AI Café: How can HPC technologies help AI

On March 17th, FocusCoE participated in a live AI for Media Web Café alongside the three Centres of Excellence: RAISE, CoEC, and HiDALGO. The virtual session brought together the CoEs working in AI sectors to explain how HPC technologies can help AI. In all, over 40 participants from industry and research joined the hour and a half café.

Starting off the presentations, Xavier Salazar introduced FocusCoE and the resources available at the “one stop shop” of our website such as technological offerings. Here, anyone from industry or research who wants to learn more can also read up on use cases, search available codes and software packages, and link directly to the CoEs of interest.

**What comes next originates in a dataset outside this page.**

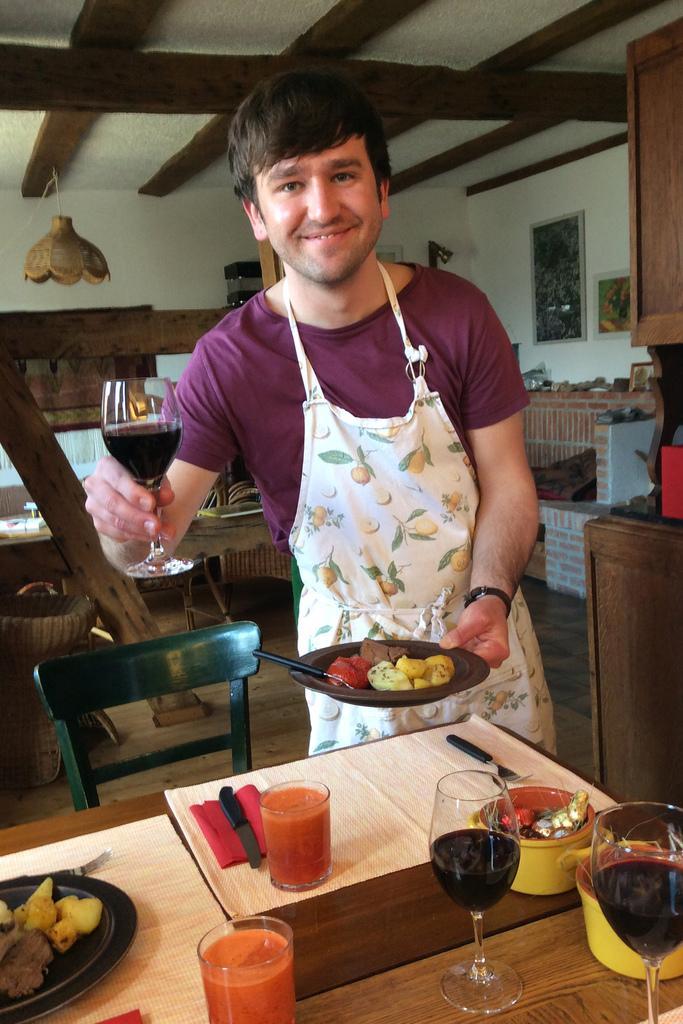Please provide a concise description of this image. In this picture we can see a man who is smiling. He hold a plate and glass with his hands. And this is chair. There is a table, On the table there is a glass, plate and bowl. This is knife. And on the background there is a wall. And this is the roof. And these are the frames on the wall.

Next, the CoEs presented several case studies on how they are using AI in combination with HPC technologies to solve real-life problems. Although each CoE’s application of AI differed, some common themes emerged in answer to the question, “How can HPC help AI?” Firstly, AI is now benefitting from the increasing availability of large and even “big” data sets but often can’t use them in their entirety due to excessive processing time. This is by far the clearest example of how HPC can help. In a use case described by Andreas Lintermann on behalf of CoE RAISE, a dataset that was estimated to take over 300 hours to process using 4 GPUs was modified to run on HPC systems theoretically as large as 2000 GPUs in as little as 45 minutes! With the ability to more quickly train AI models using more data, it is also possible to increase the accuracy of the resulting models or surrogates. In turn, building more accurate surrogates speeds up the ability to run accurate simulations since one no longer needs to build the simulation models by hand.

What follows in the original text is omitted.